Senator Llewellyn Burke, his former boss.
“Senator, good morning.”
“Been too long, too long.”
Burke sounds tired. Rena can hear the eastern prep school influence sneak into his flat Michigan accent.
“You need to come to dinner. I will talk to Evangeline,” he says. Evangeline Burke, if possible, has even more social skills than her husband.
“I’d like that very much.”
Llewellyn “Lewis” Burke, who was connected by blood to two different Michigan auto dynasties, had made a name for himself on his own in venture capital while still in his twenties, multiplying his family’s old millions into roughly a billion in new, mostly in technology. When he moved to politics—Burke’s father had been a senator briefly—he had made it clear he had no higher ambition than to serve Michigan in the Senate, and he derived much of his power in the body operating behind the scenes, guiding actions in surprising ways and doing favors in unexpected places. He operated with enormous freedom in part because he had accomplished what seemed today a political magic trick: He was a northern Republican with a secure seat.
“How’s it going with this Madison nomination?”
Burke isn’t on the Judiciary Committee. Why is he calling?
“Not the easiest job I’ve had.”
A soft chuckle and then: “Those visits up here went well, Peter. Congratulations.” He meant the trip to the Senate.
“Thank you, Senator.”
“But he needs to come visiting again. Some private chats. With senators in the opposition party, whom you think you might persuade. You understand?”
“Yes.”
“Make sure he is as available as possible.”
Rena considers the implications of Burke, a Republican who has no role on Judiciary, advising him
about this.
“Thank you, sir.”
“Good. That’s fine. I want to see you at dinner soon.”
“Thank you, Senator.”
Rena hangs up and imagines invisible hands all around him.
Thirty-one
Monday, June 1, 6:00 A.M.
Bethesda, Maryland
Gotta love a white van.
Throw phone company magnets on the side and you could park the damn thing anywhere.

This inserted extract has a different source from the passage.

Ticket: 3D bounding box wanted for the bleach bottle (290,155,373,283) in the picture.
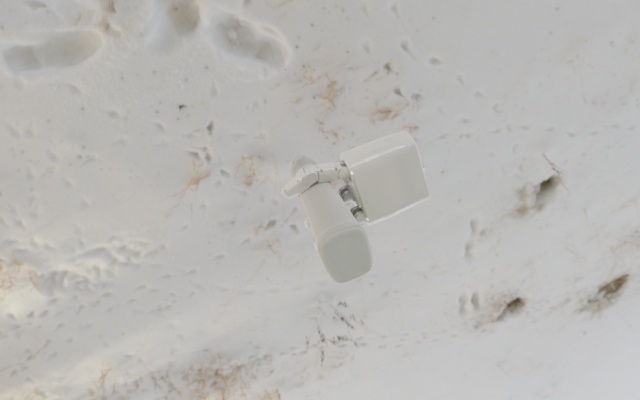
[{"bbox_3d":[0.000,0.002,0.719,0.068,0.103,0.250,-23,41,-3],"label":"bleach bottle"}]

With orange cones you don’t even need a parking place.
One morning with Verizon magnets. Another from a gardening company. Magnetic signs. Best invention ever. Steal them and no one cares. Add a white van and you gotta a fleet of cars.
He has been watching Martell now for two weeks.
Learned one thing for sure. Guy’s life is a bore. Marriage over, getting fat, up at 6:00 every morning. Walks his big black dog at 7:00. Drives to work by eight. Martell eats lunch at one of three places within two blocks of his office. Goes home at 7:30. Eleven-and-a-half-hour workdays.
He eats frozen dinners. Seen him carrying ’em from the car. Watches TV—thing is always on—then walks the dog, goes to bed.
On Friday afternoons he leaves early and picks up his kids. Has them until Sunday around midday.
Alan Kevin Martell, esquire, age forty-four.
On the Internet they have his life story. In one paragraph.
“Alan Martell is an attorney at the Office of Professional Responsibility at the Department of Justice in Washington, D.C. Prior to moving to Washington, Alan was an Assistant U.S. Attorney for the California Northern District, in San Francisco, where he specialized in criminal trial work, and before that he had worked as an Assistant District Attorney for the City and County of San Francisco. At OPR, Alan makes use of his years as a federal prosecutor to investigate allegations of ethical and professional misconduct by federal agents and the nearly 10,000 attorneys employed by the Department of Justice. He has two children.”
He doesn’t have to guess much where Martell will be. But there also aren’t many choices then about where to do him. Work. Home. Weekends with the kids.